Hasan Arif and Ashraful Islam Raana
11 May 2024 21:51:57 | Update: 11 May 2024 21:51:57
USD crunch raises concern over IPP operations
— Representational Photo

A scarcity of US dollars has led many domestic banks to refuse to open Letters of Credit (LCs) that are crucial for importing fuel for the country’s power stations, leading to serious issues for independent power producers (IPPs) and sparking concerns about potential financial losses and electricity supply disruptions.

Bangladesh Independent Power Producers Association (BIPPA) has already rang the alarm bells and stressed the urgent need for immediate steps by authorities concerned to tackle the crisis.

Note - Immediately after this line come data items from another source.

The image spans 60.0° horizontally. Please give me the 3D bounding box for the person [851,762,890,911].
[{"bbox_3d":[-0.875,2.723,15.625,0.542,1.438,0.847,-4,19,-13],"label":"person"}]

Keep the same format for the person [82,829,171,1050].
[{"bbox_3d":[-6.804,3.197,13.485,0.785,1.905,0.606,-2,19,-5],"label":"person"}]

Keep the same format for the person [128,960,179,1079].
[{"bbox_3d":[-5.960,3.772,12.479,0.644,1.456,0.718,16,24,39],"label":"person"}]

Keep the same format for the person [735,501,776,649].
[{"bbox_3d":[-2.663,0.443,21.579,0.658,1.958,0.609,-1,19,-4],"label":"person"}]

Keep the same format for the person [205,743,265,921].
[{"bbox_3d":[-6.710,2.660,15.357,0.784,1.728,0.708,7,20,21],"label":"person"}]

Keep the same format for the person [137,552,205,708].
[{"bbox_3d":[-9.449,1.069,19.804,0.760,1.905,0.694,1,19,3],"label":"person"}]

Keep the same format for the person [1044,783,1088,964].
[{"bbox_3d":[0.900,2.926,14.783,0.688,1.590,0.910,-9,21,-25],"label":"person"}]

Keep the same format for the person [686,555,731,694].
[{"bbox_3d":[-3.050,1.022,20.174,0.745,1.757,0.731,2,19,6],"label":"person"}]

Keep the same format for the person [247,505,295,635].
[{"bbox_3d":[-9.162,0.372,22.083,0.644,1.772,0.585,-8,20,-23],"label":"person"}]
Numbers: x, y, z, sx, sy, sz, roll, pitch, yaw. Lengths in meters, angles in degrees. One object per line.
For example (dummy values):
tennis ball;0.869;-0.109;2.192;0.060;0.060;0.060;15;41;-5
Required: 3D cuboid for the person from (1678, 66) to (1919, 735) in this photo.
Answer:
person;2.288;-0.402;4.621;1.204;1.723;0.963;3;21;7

BIPPA President Faisal Khan penned a letter on May 8 to the chairman of the Association of Bankers, Bangladesh Limited seeking immediate action. The Business Post has obtained a copy of this letter.

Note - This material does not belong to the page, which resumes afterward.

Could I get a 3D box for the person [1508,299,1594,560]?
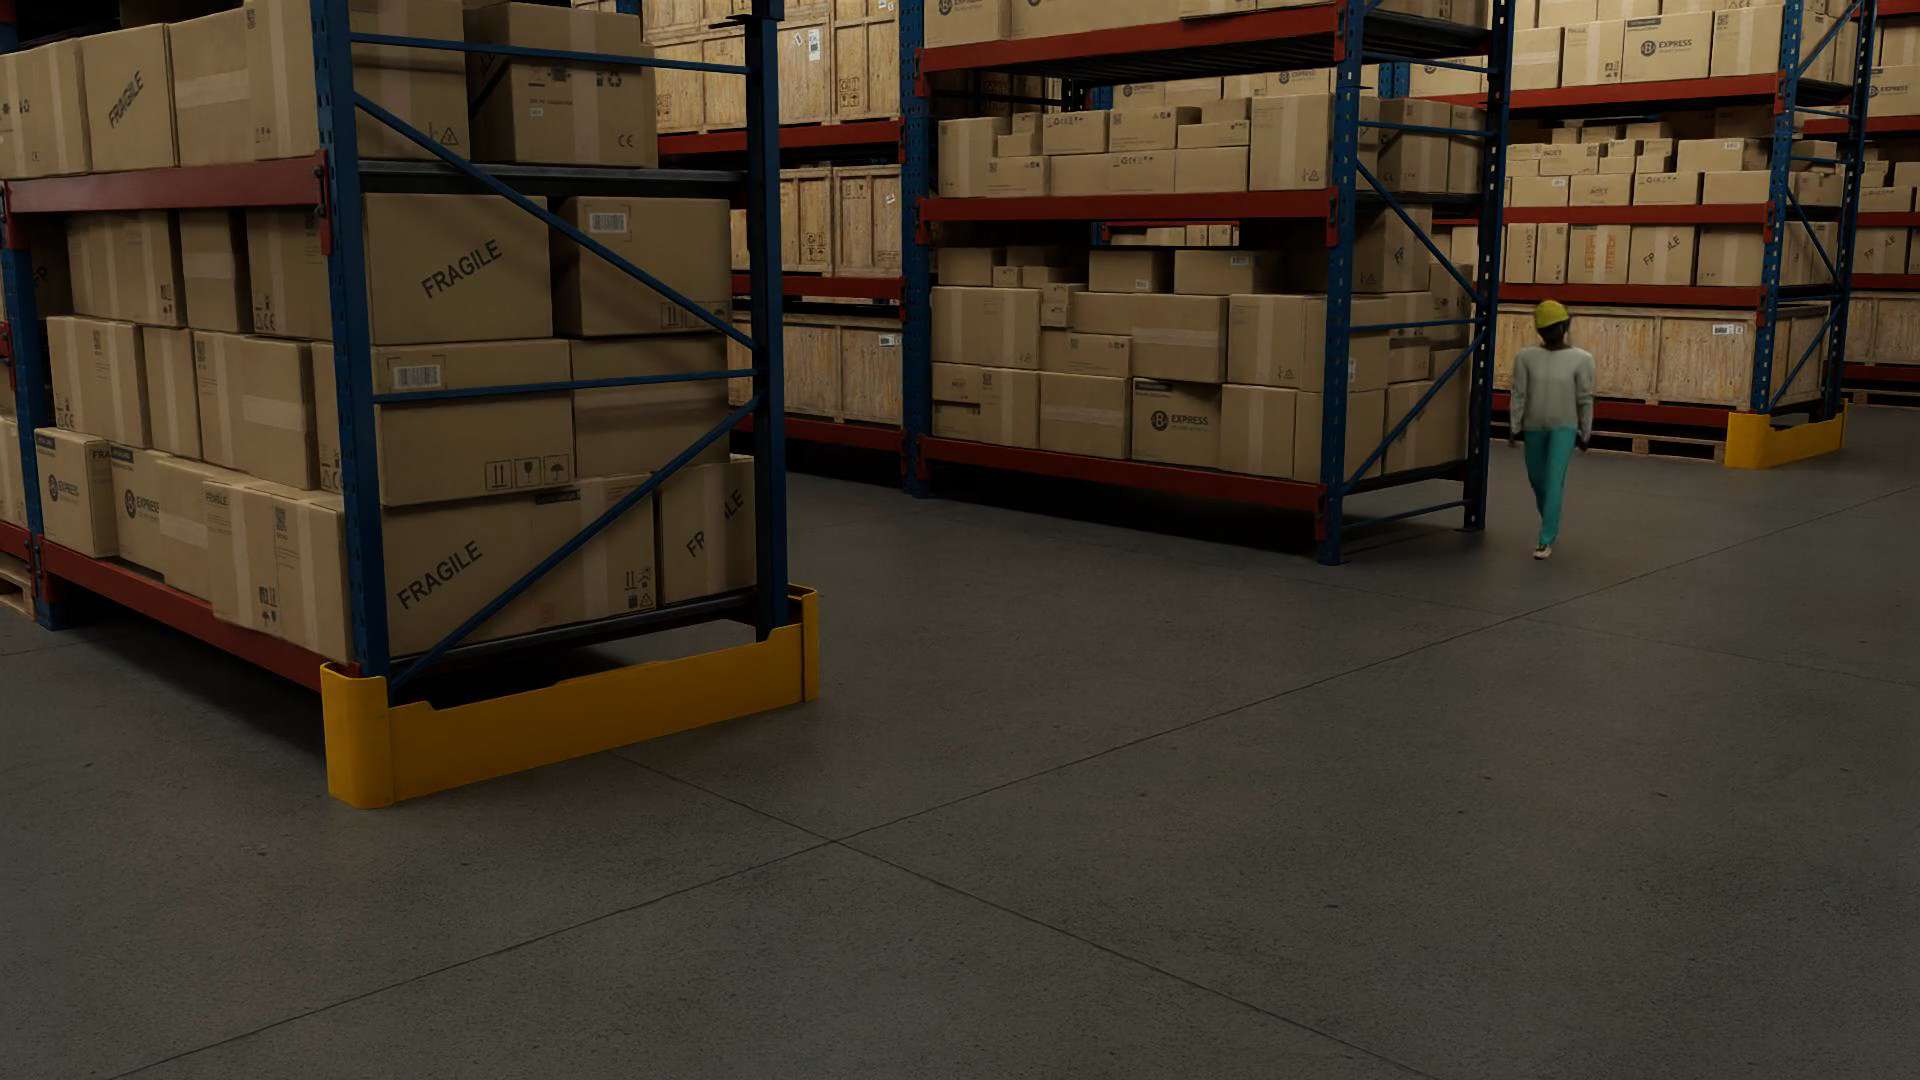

Additionally, BIPPA has made the same plea to the state minister for power, energy, and mineral resources, the Bangladesh Bank (BB) governor and the senior secretary of the Power Division.

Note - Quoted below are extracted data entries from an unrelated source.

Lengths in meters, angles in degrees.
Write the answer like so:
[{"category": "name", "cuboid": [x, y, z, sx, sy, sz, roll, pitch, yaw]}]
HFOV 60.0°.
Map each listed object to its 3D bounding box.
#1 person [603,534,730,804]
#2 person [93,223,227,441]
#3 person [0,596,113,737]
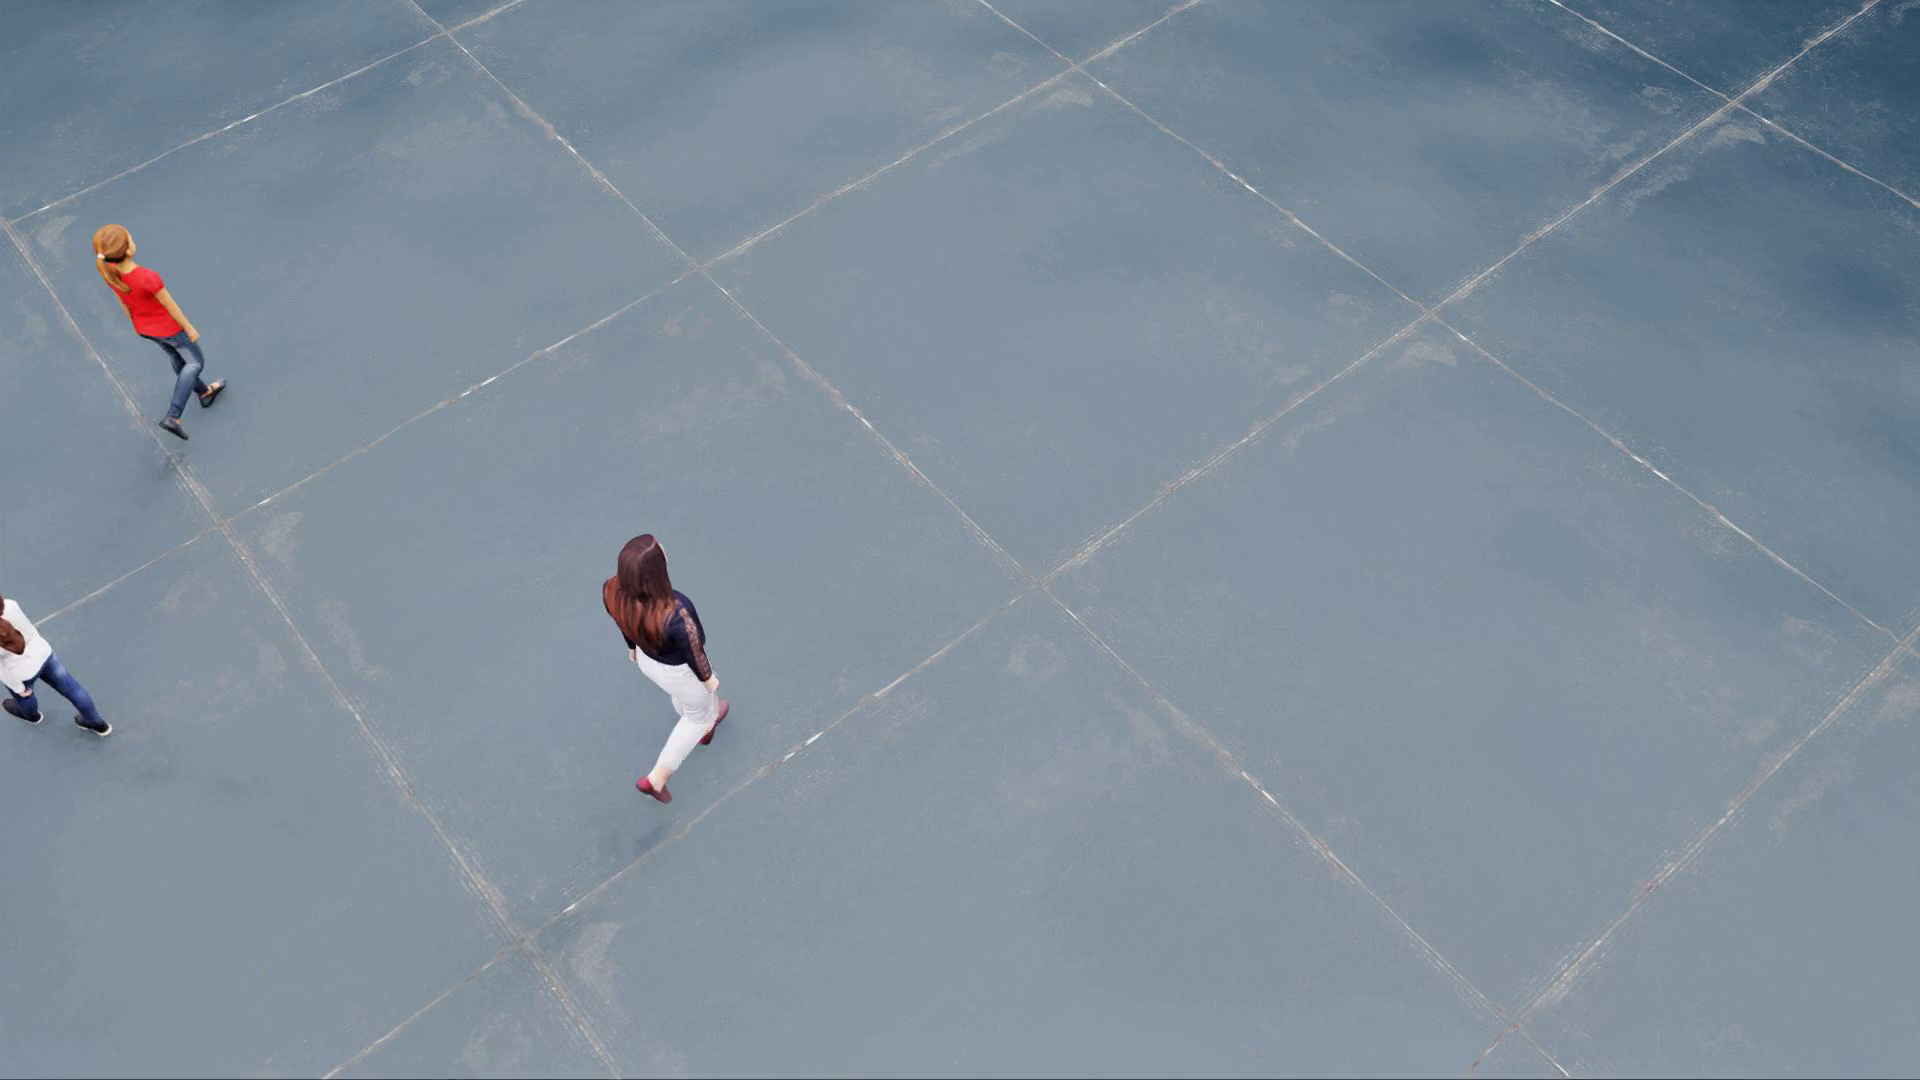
[{"category": "person", "cuboid": [-1.246, 0.560, 7.102, 0.747, 1.591, 0.967, 29, 57, 20]}, {"category": "person", "cuboid": [-4.130, -1.054, 8.536, 0.705, 1.300, 0.839, 14, 54, 11]}, {"category": "person", "cuboid": [-4.122, 0.554, 7.425, 0.707, 1.087, 0.734, 17, 54, 13]}]

According to the Bangladesh Power Development Board (BPDB), the country currently boasts 145 power plants, with a total generation capacity exceeding 26,000 megawatts (MW). At least 85 of these plants are privately owned, making up the majority of the nation's power generation capacity.

However, these private plants are facing criticism on various fronts, including Power Purchase Agreements (PPA), installed capacity, billing systems, energy efficiency and capacity payments.

A recent analysis by the Centre for Policy Dialogue (CPD) has unveiled that IPPs have received over Tk 10,000 crore in capacity payments over the last decade. These payments, covering construction costs and bank interest, are reimbursed by the government over the lifetime of the power plant, regardless of actual power generation.

CPD has attributed BPDB's increased liabilities to purchase agreements for excess electricity from the private sector. This, combined with higher production costs in the private sector, has led to a surge in BPDB's liabilities to private power plants.

State Minister for Power, Energy and Mineral Resources Nasrul Hamid on May 7 informed parliament that power generation companies, both domestic and international, would receive Tk 33,000 crore from BPDB. Outstanding dues to IPPs amount to over Tk 15,500 crore.

Amid the economic crisis, the government has resorted to issuing bonds against liabilities to clear outstanding debts of power plants. Nasrul told parliament that bonds worth Tk 17,553 crore have been issued against the liabilities of private power companies.

The LC conundrum

However, most power plant owners are hesitant to accept bonds against their liabilities. Without receiving actual funds, they cannot maintain the necessary dollar reserves to operate power plants effectively, said BPDB sources.

BIPPA has emphasised that banks are reluctant to open LCs due to the shortage of dollars in the current circumstances.

In its letter, BIPPA highlighted that IPP members are facing significant challenges with the issuance of LCs by scheduled banks, particularly for importing heavy fuel oil, lubricating oil and spare parts. Moreover, even when LCs are successfully opened, IPPs struggle to settle them at the foreign exchange rates legally mandated by BB.

This puts member companies at risk of incurring operational liquidated damages from BPDB and, in some cases, facing bankruptcy, claimed BIPPA.

BIPPA emphasised that under the terms of project agreements with BPDB, IPPs are obligated to maintain a steady supply of electricity following the demand of the National Load Dispatch Centre (NLDC). Failure to do so exposes IPPs to operational liquidated damages and significant losses, which could ultimately shut down these projects.

To avoid these penalties, IPPs must secure LCs and facilitate payment settlement at the published exchange rate for importing essential raw materials needed to meet NLDC demand, it said.

BIPPA has urgently requested the concerned authorities to come up with a prompt and effective solution to address these critical issues.

Former BIPPA president Imran Karim told The Business Post, “Due to the dollar crisis, we are currently facing various crises. Banks are not opening LCs and we are not receiving genuine borrowed money from BPDB. As a result, energy imports are facing obstacles. Consequently, operating power plants are becoming very difficult.”